Promising a “new Syria” in their speech, they said: “We are turning a page on the dark past and opening a new perspective on the future.”

As armed rebels have taken cities across the country, they have precipitated the opening of detention facilities where rights groups estimate at least 100,000 people are believed to be missing or have gone violently into public hands since 2011.

This included the Sednaya military prison, a notable facility, a particularly inhumane and humiliating place for artillery. Video circulating online showed ten people spilling into the streets around the facility, running into the night.

Syrian refugee human rights defender Ranim Badenjki of the Syria Campaign said he was crying tears of joy at the news of Assad’s departure because it was “too good to be true”.

“We always thought that Assad would be happy, supported by strong allies, and world leaders would join hands with him. But I am glad that the Syrians themselves have made this dream come true,” he said.

“I think that everyone we have lost in these years was killed by protesting or writing a post on social media. I think that people were tortured and killed because they provided medicine or help to those in need. I think of my own who was tortured by Hafez Al-Assad,” he said.

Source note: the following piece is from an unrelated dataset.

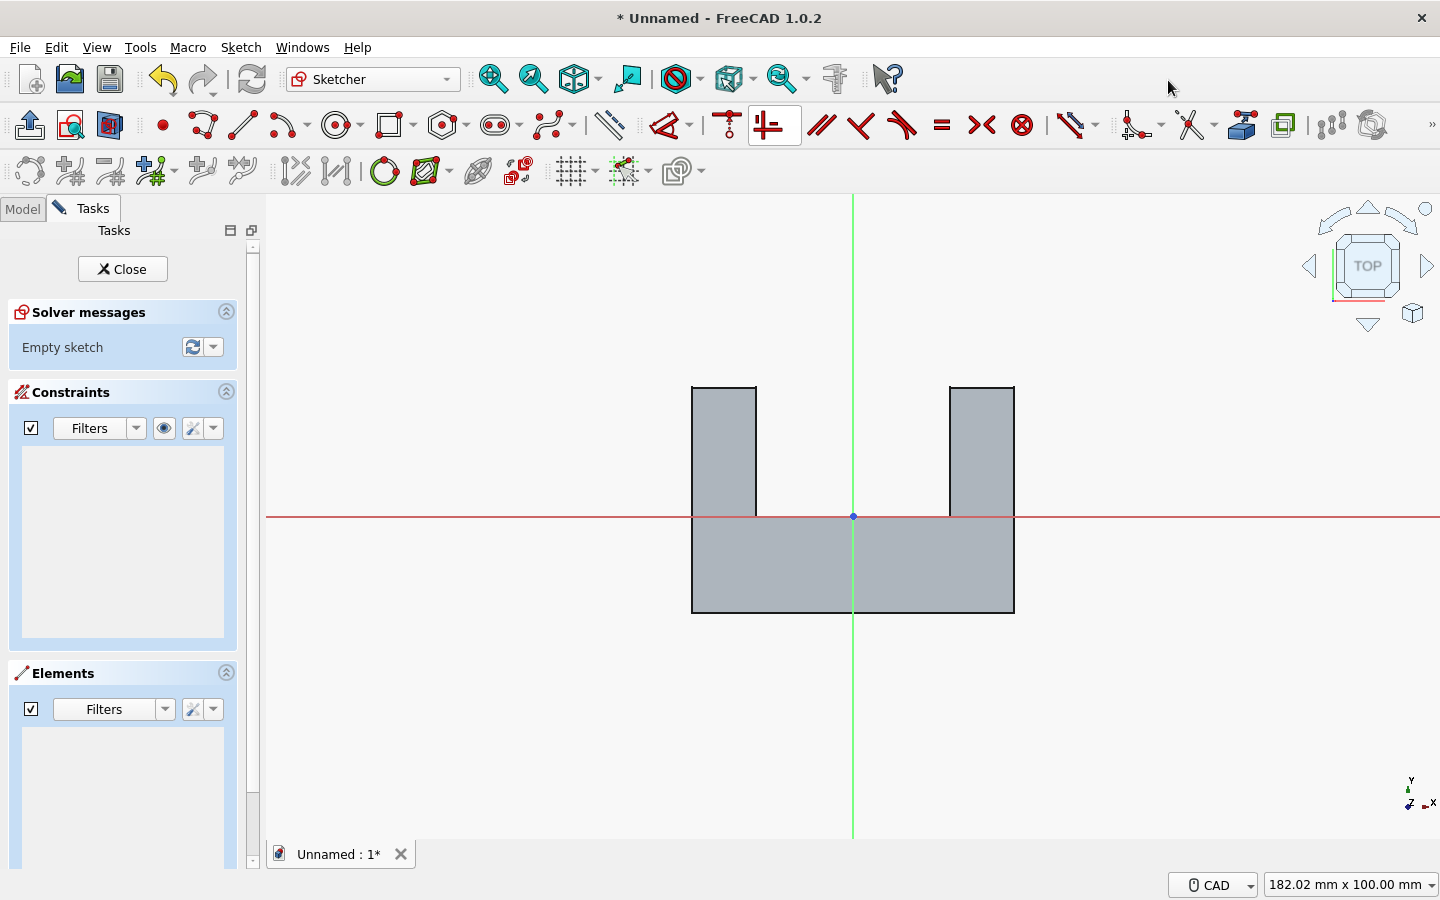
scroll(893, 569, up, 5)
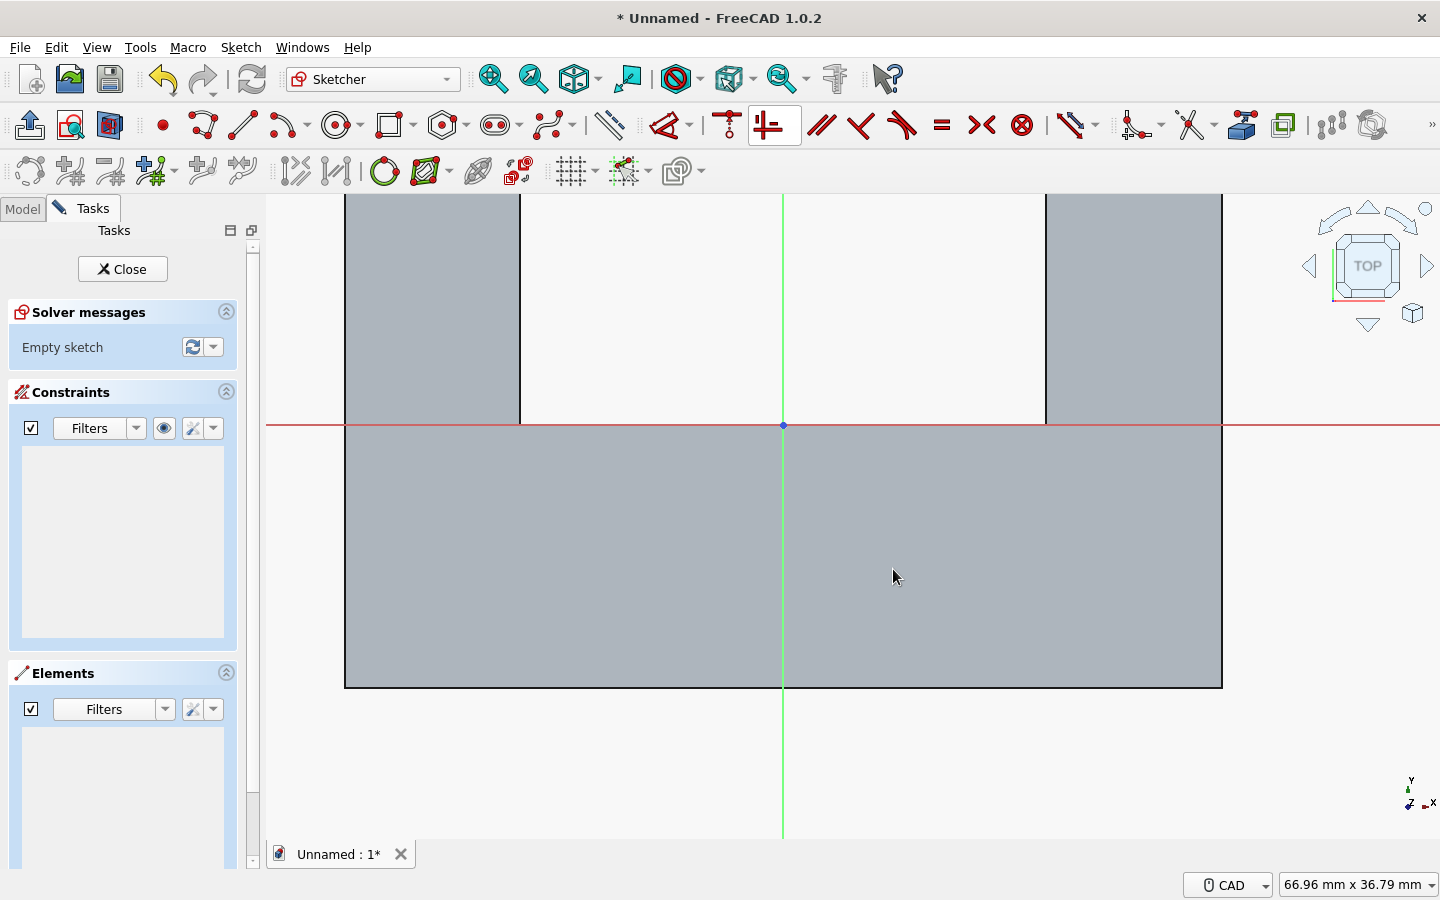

Badenjki said his joy was also tinged with sadness, fearing the fate of some people missing or losing power in Syria’s labyrinthine detention facilities.

“I want to be happy – but I also want to see my friend’s father alive, he disappeared by force 11 years ago from the regime.” I want to know that he is still alive and that he can be released. I want to know the fate of my missing cousin. “

Moayad Hokan, a Syrian analyst living in exile, said the events of the past day were “unbelievable”.

“Over a few months ago, we were all working to make sure that today was never going to happen,” he said. “Every time I hear the words that the Assad regime has fallen, I still can’t really believe it.”